◆ TO DO
Show the lines below that contain the string "font".

◆ Stored items
★ ★ ★ ★ ★

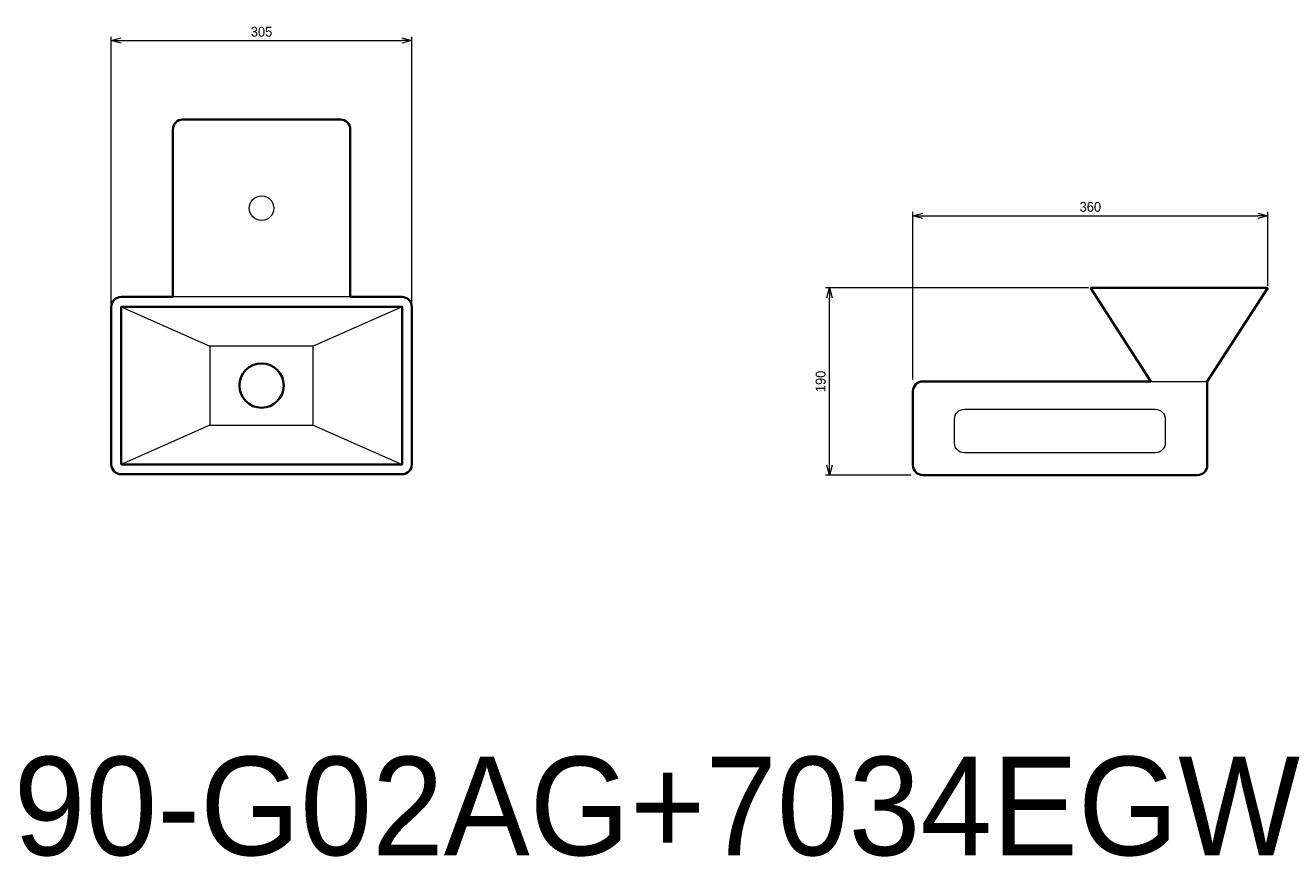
# Model space of a CAD drawing. Header units: millimetres. Extents: x 647 to 1931, y 192 to 1037.
import ezdxf

# ---------------------------------------------------------------- set-up
doc = ezdxf.new("R2010")
doc.units = ezdxf.units.MM
doc.header["$LTSCALE"] = 0.3
for name, color, linetype, lineweight in [('実線', 3, 'Continuous', 35), ('寸法', 2, 'Continuous', 18), ('寸法 @ 4', 2, 'Continuous', 18), ('細線', 7, 'Continuous', 18)]:
    doc.layers.add(name, color=color, linetype=linetype, lineweight=lineweight)
doc.styles.add('MS Pゴシック', font='txt')
doc.styles.get("Standard").update_dxf_attribs({"font": 'txt.shx', "bigfont": 'bigfont.shx'})
doc.dimstyles.new('MyDim S＝1：4', dxfattribs={"dimtxt": 2.5, "dimasz": 2.5, "dimexe": 1, "dimexo": 0.5, "dimgap": 1, "dimtad": 3, "dimdsep": 46, "dimtxsty": 'MS Pゴシック', "dimblk": 'OPEN30', "dimcen": 0, "dimclrd": 256, "dimclre": 256, "dimclrt": 256, "dimazin": 2, "dimtfac": 1, "dimtmove": 0, "dimatfit": 3, "dimldrblk": 'OPEN30', "dimfxl": 1, "dimlwd": 18, "dimlwe": 18, "dimarcsym": 0})

# ---------------------------------------------------------------- blocks, each defined once
blk = doc.blocks.new('_Open30')
at = {"color": 0, "lineweight": -2}
for p, q in [((-1, 0.27), (0, 0)), ((0, 0), (-1, -0.27)), ((0, 0), (-1, 0))]:
    blk.add_line(p, q, dxfattribs=at)
blk = doc.blocks.new('*D10')
at = {"layer": 'Defpoints', "color": 0, "transparency": 16777216}
for p in [(1462.9, 770.6), (1727.6, 770.6), (1547.6, 580.6)]:
    blk.add_point(p, dxfattribs=at)
at = {"layer": '寸法', "lineweight": 18, "transparency": 16777216}
for p, q in [((1725.6, 770.6), (1458.9, 770.6)), ((1462.9, 590.6), (1462.9, 760.6)), ((1545.6, 580.6), (1458.9, 580.6))]:
    blk.add_line(p, q, dxfattribs=at)
at = {"layer": '寸法', "lineweight": 18, "transparency": 16777216, "xscale": 10, "yscale": 10, "zscale": 10}
for p, rotation in [((1462.9, 770.6), 90), ((1462.9, 580.6), 270)]:
    blk.add_blockref('_Open30', p, dxfattribs=dict(at, rotation=rotation))
at = {"layer": '寸法', "transparency": 16777216, "insert": (1453.9, 675.6), "char_height": 10, "attachment_point": 5, "rotation": 90, "style": 'MS Pゴシック'}
blk.add_mtext('190', dxfattribs=at)
blk = doc.blocks.new('*D11')
at = {"layer": 'Defpoints', "color": 0, "transparency": 16777216}
for p in [(1907.6, 843.7), (1907.6, 770.6), (1547.6, 675.6)]:
    blk.add_point(p, dxfattribs=at)
at = {"layer": '寸法', "lineweight": 18, "transparency": 16777216}
for p, q in [((1547.6, 677.6), (1547.6, 847.7)), ((1907.6, 772.6), (1907.6, 847.7)), ((1557.6, 843.7), (1897.6, 843.7))]:
    blk.add_line(p, q, dxfattribs=at)
at = {"layer": '寸法', "lineweight": 18, "transparency": 16777216, "xscale": 10, "yscale": 10, "zscale": 10, "rotation": 180}
blk.add_blockref('_Open30', (1547.6, 843.7), dxfattribs=at)
at = {"layer": '寸法', "lineweight": 18, "transparency": 16777216, "xscale": 10, "yscale": 10, "zscale": 10}
blk.add_blockref('_Open30', (1907.6, 843.7), dxfattribs=at)
at = {"layer": '寸法', "transparency": 16777216, "insert": (1727.6, 852.7), "char_height": 10, "attachment_point": 5, "style": 'MS Pゴシック'}
blk.add_mtext('360', dxfattribs=at)
blk = doc.blocks.new('*D12')
at = {"layer": 'Defpoints', "color": 0, "transparency": 16777216}
for p in [(1039, 1021.4), (734, 751.4), (1039, 751.4)]:
    blk.add_point(p, dxfattribs=at)
at = {"layer": '寸法', "lineweight": 18, "transparency": 16777216}
for p, q in [((734, 753.4), (734, 1025.4)), ((744, 1021.4), (1029, 1021.4)), ((1039, 753.4), (1039, 1025.4))]:
    blk.add_line(p, q, dxfattribs=at)
at = {"layer": '寸法', "lineweight": 18, "transparency": 16777216, "xscale": 10, "yscale": 10, "zscale": 10, "rotation": 180}
blk.add_blockref('_Open30', (734, 1021.4), dxfattribs=at)
at = {"layer": '寸法', "lineweight": 18, "transparency": 16777216, "xscale": 10, "yscale": 10, "zscale": 10}
blk.add_blockref('_Open30', (1039, 1021.4), dxfattribs=at)
at = {"layer": '寸法', "transparency": 16777216, "insert": (886.5, 1030.4), "char_height": 10, "attachment_point": 5, "style": 'MS Pゴシック'}
blk.add_mtext('305', dxfattribs=at)

msp = doc.modelspace()

# ---------------------------------------------------------------- linework, layer by layer
at = {"layer": '実線'}
for p, q in [((966.548, 941.392), (806.548, 941.392)), ((796.548, 761.392), (796.548, 931.392)), ((976.548, 761.392), (976.548, 931.392)), ((1727.618, 770.625), (1907.618, 770.625)), ((1788.954, 675.625), (1727.618, 770.625)), ((1846.281, 675.625), (1907.618, 770.625)), ((1557.618, 675.625), (1788.954, 675.625)), ((1846.281, 590.625), (1846.281, 675.625)), ((1547.618, 665.625), (1547.618, 590.625)), ((1557.618, 580.625), (1836.281, 580.625))]:
    msp.add_line(p, q, dxfattribs=at)
for points in [[(796.548, 761.392), (744.048, 761.392, 0.41421356), (734.048, 751.392), (734.048, 591.392, 0.41421356), (744.048, 581.392)], [(744.048, 581.392), (1029.048, 581.392, 0.41421356), (1039.048, 591.392), (1039.048, 751.392, 0.41421356), (1029.048, 761.392), (976.548, 761.392)]]:
    msp.add_lwpolyline(points, format="xyb", dxfattribs=at)
msp.add_lwpolyline([(744.048, 591.392), (1029.048, 591.392), (1029.048, 751.392), (744.048, 751.392)], close=True, dxfattribs=at)
msp.add_circle((886.548, 671.392), 22.5, dxfattribs=at)
for centre, start, end in [((806.548, 931.392), 90, 180), ((966.548, 931.392), 0, 90), ((1557.618, 665.625), 90, 180), ((1557.618, 590.625), 180, 270), ((1836.281, 590.625), 270, 0)]:
    msp.add_arc(centre, 10, start, end, dxfattribs=at)
at = {"layer": '細線'}
for p, q in [((744.048, 751.392), (834.048, 711.392)), ((1029.048, 751.392), (939.048, 711.392)), ((939.048, 711.392), (834.048, 711.392)), ((834.048, 711.392), (834.048, 631.392)), ((939.048, 631.392), (939.048, 711.392)), ((1788.954, 675.625), (1846.281, 675.625)), ((834.048, 631.392), (744.048, 591.392)), ((834.048, 631.392), (939.048, 631.392)), ((939.048, 631.392), (1029.048, 591.392))]:
    msp.add_line(p, q, dxfattribs=at)
msp.add_lwpolyline([(976.548, 761.392), (796.548, 761.392)], dxfattribs=at)
msp.add_lwpolyline([(1599.765, 647.335), (1793.586, 647.335, -0.41421356), (1803.586, 637.335), (1803.586, 613.154, -0.41421356), (1793.586, 603.154), (1599.765, 603.154, -0.41421356), (1589.765, 613.154), (1589.765, 637.335, -0.41421356)], format="xyb", close=True, dxfattribs=at)
msp.add_circle((886.548, 851.392), 12.5, dxfattribs=at)

# ---------------------------------------------------------------- texts
at = {"layer": '細線', "insert": (1287.687, 244.122), "char_height": 100, "width": 1365.42328, "attachment_point": 5}
msp.add_mtext('{\\fMS PMincho|b0|i0|c128|p18;90-G02AG+7034EGW}', dxfattribs=at)

# ---------------------------------------------------------------- dimensions: what is measured, and where the dimension line sits
at = {"layer": '寸法 @ 4'}
for base, p1, p2, picture, middle in [((1039.048, 1021.408), (734.048, 751.392), (1039.048, 751.392), '*D12', (886.548, 1030.408)), ((1907.618, 843.691), (1547.618, 675.625), (1907.618, 770.625), '*D11', (1727.618, 852.691))]:
    dim = msp.add_linear_dim(base=base, p1=p1, p2=p2, dimstyle='MyDim S＝1：4', override={"dimscale": 4, "dimtix": 0, "dimtofl": 1, "dimtmove": 0, "dimatfit": 3}, dxfattribs=at)
    dim.commit()
    dim.dimension.update_dxf_attribs({"geometry": picture, "text_midpoint": middle})
dim = msp.add_linear_dim(base=(1462.883, 770.625), p1=(1547.618, 580.625), p2=(1727.618, 770.625), angle=90, dimstyle='MyDim S＝1：4', override={"dimscale": 4, "dimtix": 0, "dimtofl": 1, "dimtmove": 0, "dimatfit": 3}, dxfattribs=at)
dim.commit()
dim.dimension.update_dxf_attribs({"geometry": '*D10', "text_midpoint": (1453.883, 675.625)})

doc.saveas('drawing.dxf')

★ ★ ★ ★ ★

◆ ANSWER AREA
doc.styles.add('MS Pゴシック', font='txt')
doc.styles.get("Standard").update_dxf_attribs({"font": 'txt.shx', "bigfont": 'bigfont.shx'})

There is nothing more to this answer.